In reading the first draft of such a letter as this, in ARNOLD's own hand-writing, and reflecting upon his subsequent wickedness and folly, the fate of 'Lucifer, Son of the Morning,' will be the first simile that will suggest itself to the mind of a true-hearted American.

ARNOLD seems not to have been considered altogether frank and trust-worthy, even at this period. General GATES, in an autograph letter now before us, dated 'HeadQuarters, 25th August, 1775,' writes, among other things, to ARNOLD: 'SIR: I am confident you told me last night that you did not intend to leave Cambridge entirely, until the express sent by your friend returned from General SCHUYLER. Lest I should have been mistaken, I am directed by His Excellency, General WASHINGTON to request you to resolve to wait the return of that express. I have laid your plan before the General, who will converse with you upon it, when you next meet,' etc.... That the traitor did not lack the virtuous inculcations of a fond and pious parent, is evinced by a tattered and almost illegible letter, written by his mother, and dated at Norwich, (Conn.,) in April, 1754, and addressed to him at Canterbury, 'Dear child,' she writes, 'I received yours of the 1st inst., and was glad to hear that you was well. Pray, my dear, let your first concern be, to make your peace with God, as it is of all concerns of ye greatest importance. Keep a steady watch over your thoughts, words, and actions. Be dutiful to superiors, obliging to equals, and affable to inferiors. . . I have sent you fifty shillings. Use it prudently, as you are accountable to God and your father.'

The 'Robinson House, or Reminiscences of West-Point and Arnold the Traitor,' in our last issue, has attracted much attention, and has been widely copied throughout the Union. A friend has sent us a communication from Dr. HALL, of East Hartford, Connecticut, a surgeon in the army of the revolution, and who stood within four or five rods of Major ANDRE, when he was executed. He notices some statements of our correspondent, which he considers a little inaccurate. He informs us that ANDRE walked to the place of execution behind the cart, accompanied by two officers, one on each side, and stopped under the gallows. Arrived there, he immediately stepped up into the cart, when the officer of the day, Colonel SCAMMELL, said to him, 'If you have any thing to say, you now have an opportunity.' He replied, 'I have nothing to say, but to have you bear witness that I die like a brave man.' Colonel SCAMMELL then said to the hangman, 'Do your duty.' He went to work so awkwardly in attempting to put the noose over ANDRE's neck, that ANDRE took it from him, and made an effort to do it himself.

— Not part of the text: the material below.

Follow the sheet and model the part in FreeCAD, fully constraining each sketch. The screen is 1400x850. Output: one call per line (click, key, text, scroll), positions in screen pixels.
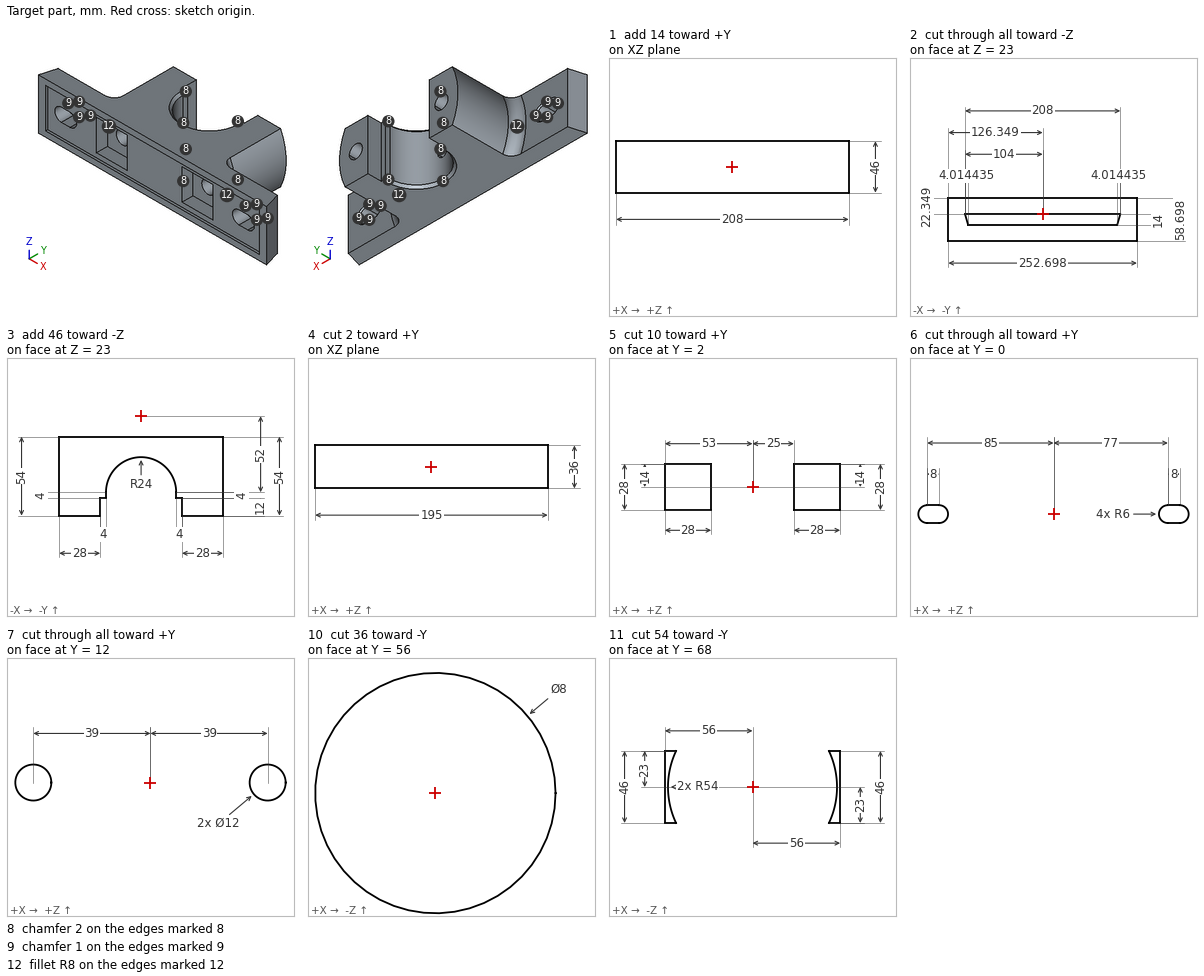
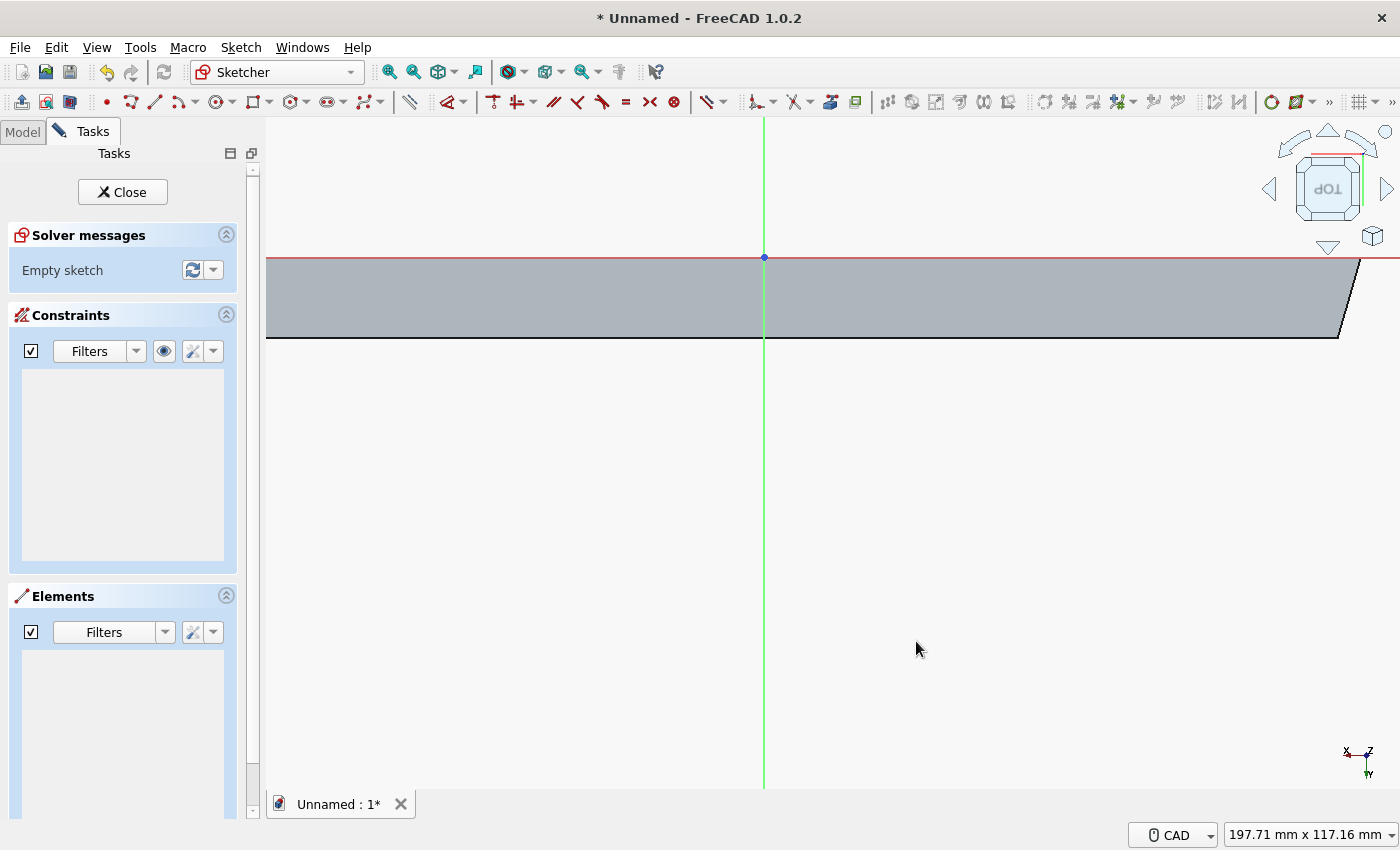
click(132, 102)

But his hat being in the way, he let go the rope, took off his hat and stock, and laid them on the coffin, and unbuttoned his shirt collar, and turned it down. He then put the noose over his head, and adjusted it to his neck; took out of his pocket a white handkerchief, with which he bandaged his eyes; and a blue ribbon, which he handed to the executioner, requesting him to tie his hands behind him. This being done, Colonel SCAMMELL directed the cart to be driven away. ANDRE was a small man, and seemed hardly to stretch the rope, and his legs dangled so much, that the hangman was ordered to take hold of them and keep them straight. The body was cut down after

hanging fifteen or twenty minutes, and buried near the gallows. From the location of the grave, ANDRE must have passed it in going to the place of execution. The Doctor thinks the account relative to the attempts made by WASHINGTON to secure ARNOLD and liberate ANDRE, must be incorrect. The court which sentenced ANDRE to death having been held on the 29th of September, only three days before his execution, the time allowed was not, he imagines, sufficient to permit such plans to be successfully carried out, especially the one in which CHAMPE was said to have been concerned.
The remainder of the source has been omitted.